WORK INSTRUCTIONS >>
Copy the data precisely, character for character, and leave out every picture.
================================
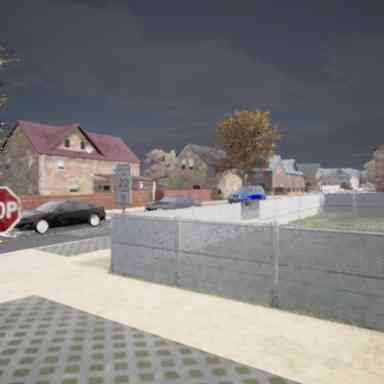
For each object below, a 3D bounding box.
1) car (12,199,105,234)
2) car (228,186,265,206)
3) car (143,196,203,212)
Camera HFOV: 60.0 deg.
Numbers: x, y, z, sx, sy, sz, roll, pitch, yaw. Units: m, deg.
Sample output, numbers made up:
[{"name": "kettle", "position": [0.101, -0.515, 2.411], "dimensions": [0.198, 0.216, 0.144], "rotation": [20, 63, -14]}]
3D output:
[{"name": "car", "position": [-6.883, 1.150, 17.458], "dimensions": [1.882, 1.535, 5.008], "rotation": [1, 2, 34]}, {"name": "car", "position": [5.915, 0.377, 35.458], "dimensions": [2.150, 2.045, 5.566], "rotation": [1, 2, 36]}, {"name": "car", "position": [-1.273, 0.991, 25.393], "dimensions": [2.033, 1.411, 5.357], "rotation": [1, 2, 35]}]
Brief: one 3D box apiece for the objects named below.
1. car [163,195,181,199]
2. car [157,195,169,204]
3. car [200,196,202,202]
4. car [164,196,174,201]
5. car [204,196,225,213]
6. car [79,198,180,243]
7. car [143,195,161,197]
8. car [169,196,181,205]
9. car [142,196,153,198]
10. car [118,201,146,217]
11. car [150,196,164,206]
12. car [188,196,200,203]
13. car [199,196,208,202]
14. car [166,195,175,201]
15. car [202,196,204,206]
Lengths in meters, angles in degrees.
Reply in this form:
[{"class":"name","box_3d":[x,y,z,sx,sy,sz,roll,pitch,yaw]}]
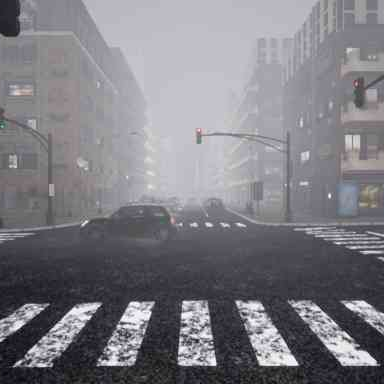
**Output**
[{"class":"car","box_3d":[-3.117,1.578,49.879,1.994,1.385,4.181,0,0,0]},{"class":"car","box_3d":[-5.728,1.465,66.265,1.967,1.590,4.097,0,0,0]},{"class":"car","box_3d":[2.659,1.599,54.907,1.802,1.307,4.206,0,0,0]},{"class":"car","box_3d":[-5.739,1.590,83.311,2.008,1.369,4.403,0,0,0]},{"class":"car","box_3d":[2.669,1.449,37.859,1.967,1.590,4.097,0,0,0]},{"class":"car","box_3d":[-2.913,1.376,15.764,4.553,1.767,2.097,-1,0,-1]},{"class":"car","box_3d":[-5.715,1.326,43.535,2.192,1.841,5.009,0,0,0]},{"class":"car","box_3d":[-3.080,1.498,59.889,1.882,1.535,5.008,0,0,0]},{"class":"car","box_3d":[-5.711,1.534,37.683,1.752,1.417,4.829,0,0,0]},{"class":"car","box_3d":[-5.708,1.572,32.170,1.947,1.339,4.313,0,0,0]},{"class":"car","box_3d":[-5.721,1.457,54.900,1.967,1.590,4.097,0,0,0]},{"class":"car","box_3d":[0.003,1.539,70.587,2.128,1.511,4.902,0,0,0]},{"class":"car","box_3d":[2.645,1.585,77.636,2.008,1.369,4.403,0,0,0]},{"class":"car","box_3d":[-5.742,1.595,88.994,2.008,1.369,4.403,0,0,0]},{"class":"car","box_3d":[2.665,1.451,43.542,1.967,1.590,4.097,0,0,0]}]
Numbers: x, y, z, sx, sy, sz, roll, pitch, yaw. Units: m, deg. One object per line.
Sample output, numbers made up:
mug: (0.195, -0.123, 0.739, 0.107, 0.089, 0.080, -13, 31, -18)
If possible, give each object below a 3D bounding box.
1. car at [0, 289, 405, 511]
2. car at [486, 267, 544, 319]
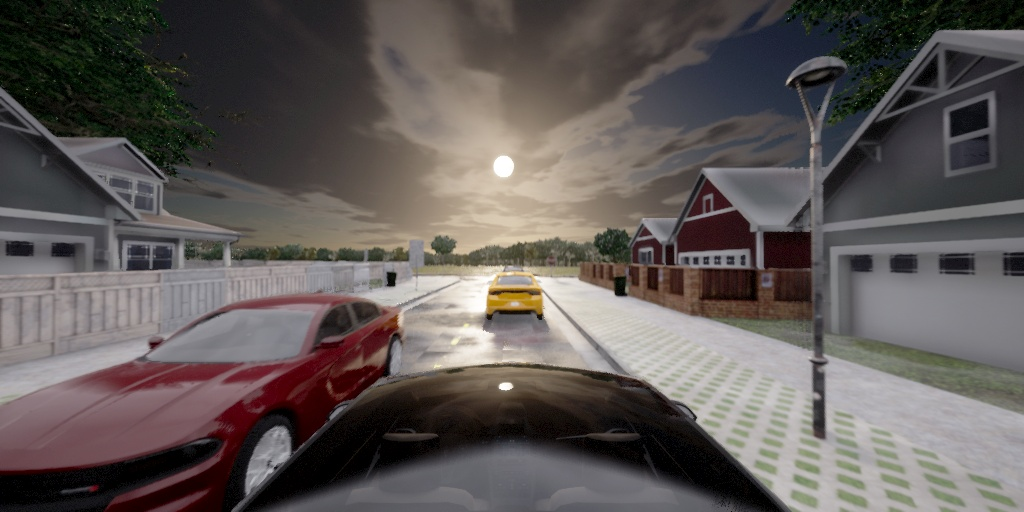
================================
ANSWER TO THIS EXERCISE >>
For each object below, a 3D bounding box.
1) car (12,199,105,234)
2) car (228,186,265,206)
3) car (143,196,203,212)
Camera HFOV: 60.0 deg.
Numbers: x, y, z, sx, sy, sz, roll, pitch, yaw. Units: m, deg.
Sample output, numbers made up:
[{"name": "kettle", "position": [0.101, -0.515, 2.411], "dimensions": [0.198, 0.216, 0.144], "rotation": [20, 63, -14]}]
3D output:
[{"name": "car", "position": [-6.883, 1.150, 17.458], "dimensions": [1.882, 1.535, 5.008], "rotation": [1, 2, 34]}, {"name": "car", "position": [5.915, 0.377, 35.458], "dimensions": [2.150, 2.045, 5.566], "rotation": [1, 2, 36]}, {"name": "car", "position": [-1.273, 0.991, 25.393], "dimensions": [2.033, 1.411, 5.357], "rotation": [1, 2, 35]}]
Brief: one 3D box apiece for the objects named below.
1. car [163,195,181,199]
2. car [157,195,169,204]
3. car [200,196,202,202]
4. car [164,196,174,201]
5. car [204,196,225,213]
6. car [79,198,180,243]
7. car [143,195,161,197]
8. car [169,196,181,205]
9. car [142,196,153,198]
10. car [118,201,146,217]
11. car [150,196,164,206]
12. car [188,196,200,203]
13. car [199,196,208,202]
14. car [166,195,175,201]
15. car [202,196,204,206]
Lengths in meters, angles in degrees.
Reply in this form:
[{"class":"name","box_3d":[x,y,z,sx,sy,sz,roll,pitch,yaw]}]
**Output**
[{"class":"car","box_3d":[-3.117,1.578,49.879,1.994,1.385,4.181,0,0,0]},{"class":"car","box_3d":[-5.728,1.465,66.265,1.967,1.590,4.097,0,0,0]},{"class":"car","box_3d":[2.659,1.599,54.907,1.802,1.307,4.206,0,0,0]},{"class":"car","box_3d":[-5.739,1.590,83.311,2.008,1.369,4.403,0,0,0]},{"class":"car","box_3d":[2.669,1.449,37.859,1.967,1.590,4.097,0,0,0]},{"class":"car","box_3d":[-2.913,1.376,15.764,4.553,1.767,2.097,-1,0,-1]},{"class":"car","box_3d":[-5.715,1.326,43.535,2.192,1.841,5.009,0,0,0]},{"class":"car","box_3d":[-3.080,1.498,59.889,1.882,1.535,5.008,0,0,0]},{"class":"car","box_3d":[-5.711,1.534,37.683,1.752,1.417,4.829,0,0,0]},{"class":"car","box_3d":[-5.708,1.572,32.170,1.947,1.339,4.313,0,0,0]},{"class":"car","box_3d":[-5.721,1.457,54.900,1.967,1.590,4.097,0,0,0]},{"class":"car","box_3d":[0.003,1.539,70.587,2.128,1.511,4.902,0,0,0]},{"class":"car","box_3d":[2.645,1.585,77.636,2.008,1.369,4.403,0,0,0]},{"class":"car","box_3d":[-5.742,1.595,88.994,2.008,1.369,4.403,0,0,0]},{"class":"car","box_3d":[2.665,1.451,43.542,1.967,1.590,4.097,0,0,0]}]
Numbers: x, y, z, sx, sy, sz, roll, pitch, yaw. Units: m, deg. One object per line.
Sample output, numbers made up:
mug: (0.195, -0.123, 0.739, 0.107, 0.089, 0.080, -13, 31, -18)
If possible, give each object below a 3D bounding box.
1. car at [0, 289, 405, 511]
2. car at [486, 267, 544, 319]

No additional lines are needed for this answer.